Purple Haze

News   2024-07-06 22:47:46

Ja Rule and Cam'ron aren't particularly distinguished gangsta rappers. But at their best, they're irresistible pop stars whose ideal medium is the three-minute single, the guilty pleasure that sounds terrific in clubs or booming out of passing cars, but doesn't inspire much contemplation. So why, for the love of 2Pac, do R.U.L.E. and Purple Haze, Rule and Cam'ron's latest albums, each run over 70 minutes long Chances are it's mostly a matter of hedging bets. After all, the more songs on an album, the better the chances that one will hit. To its credit, R.U.L.E. contains a knockout single in "New York," a swaggering East Coast anthem dominated by sinister synths straight out of The Warriors and magnetic guest turns from ringers Fat Joe and Jadakiss. Then again, the song's production and guest spots are so strong that they render Rule's verse irrelevant. (Hell, replace it with another from Joe or Jadakiss, and the song would actually improve.)

Ja Rule has always been the kind of blatant 2Pac worshipper who hoists himself up on the cross, then whines that people are out to crucify him. Taking 2Pac's tortured-thug persona to comical extremes, Rule falls into a lazy default mode of overwrought melodrama, which can be amusing in small doses, but becomes exhausting when stretched to album length, especially when joined to anonymous production, irritating skits, and the kind of raspy shower-stall warbling that 50 Cent adroitly pegged as sounding suspiciously like Cookie Monster.

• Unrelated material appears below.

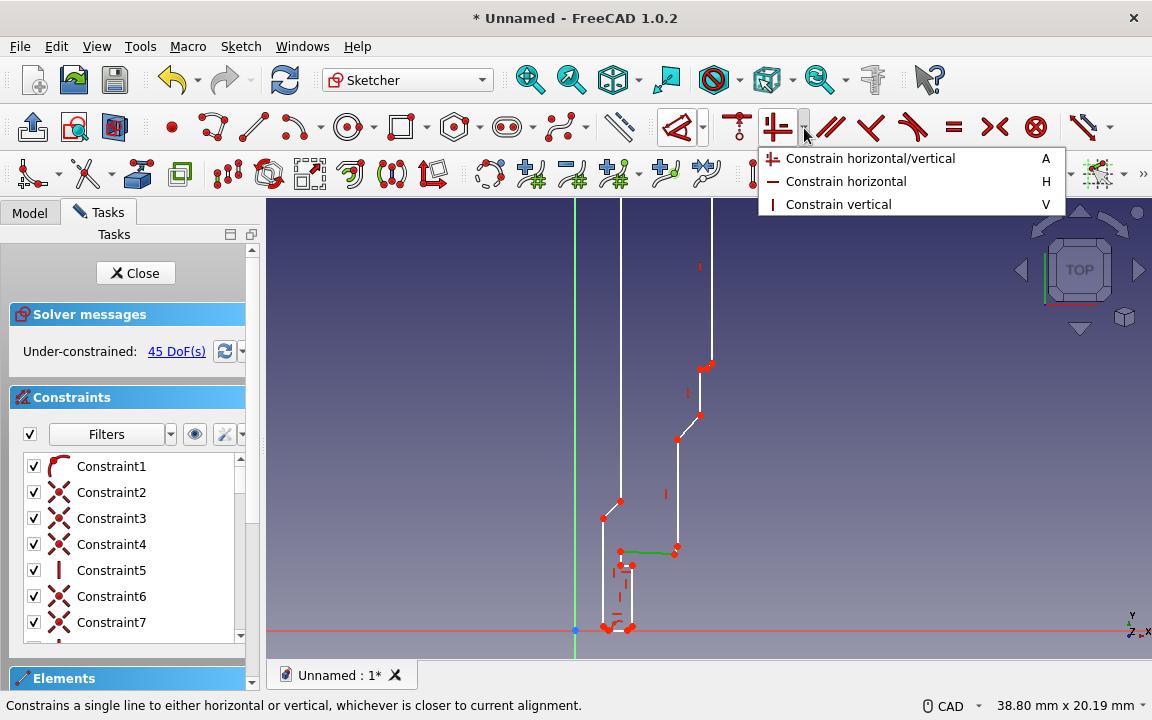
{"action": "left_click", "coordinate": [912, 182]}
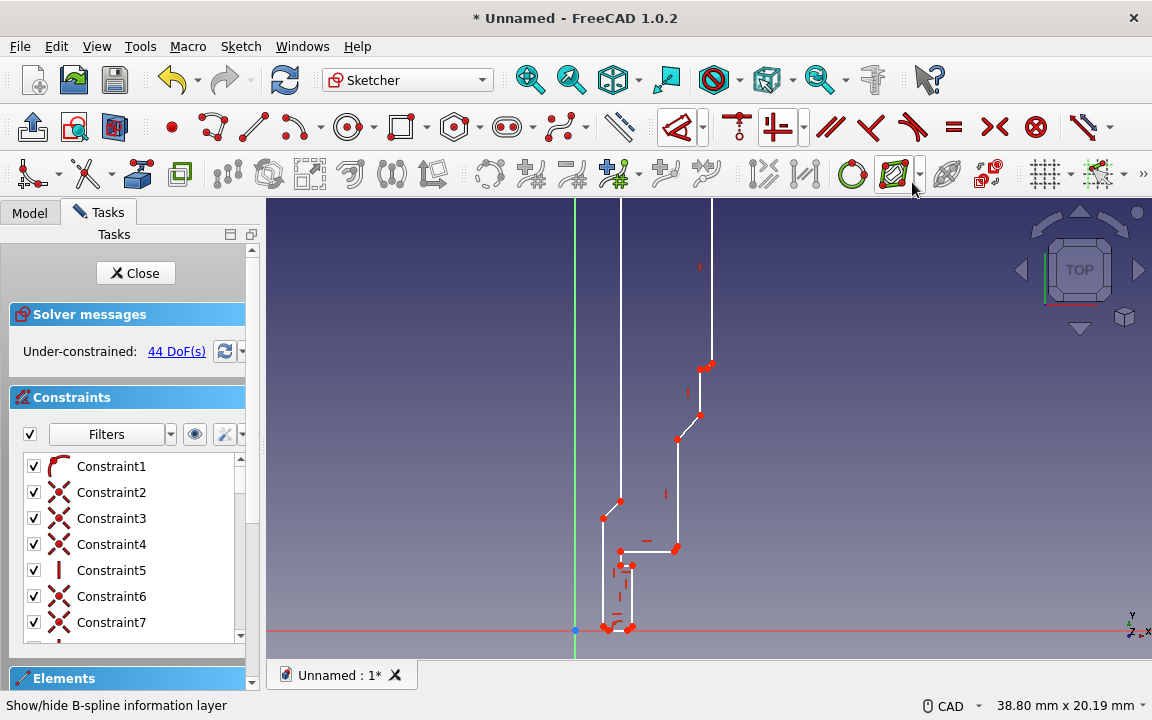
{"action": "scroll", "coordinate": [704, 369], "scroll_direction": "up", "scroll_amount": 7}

Just as "New York" renders Rule irrelevant, Cam'ron's breakthrough hit "Oh Boy" boasted a cotton-candy beat so maddeningly infectious that it rendered Cam'ron and Juelz Santana's rhymes superfluous. Alas, rappers who live by the blatant crossover ploy die by it as well, and the much-delayed Purple Haze essentially arrived in stores D.O.A., thanks to a series of non-starting singles and "Girls," a bizarre semi-cover of "Girls Just Want To Have Fun" distinguished solely by its stunning miscalculation. Like most pop gangstas, Cam'ron is only as good as the beats behind him. Fortunately, he's embraced Roc-A-Fella's hyper-soul in-house production style, with its ecstatic, sped-up samples and glistening beats. Too bad his lyrics remain nursery-rhyme simple. Cam'ron boasts a certain belligerent charisma, but with the exception of two fine Kanye West productions and "Dope Man," an homage to West Coast G-funk built around the wiggling synths of "Funky Worm," Purple Haze lumbers drearily through a sea of gangsta-rap clichés. Ja Rule and Cam'ron can keep on putting out hideously bloated would-be magnum opuses all they like, but that doesn't mean that anybody already privy to their finest moments on Top 40 radio should waste money on them.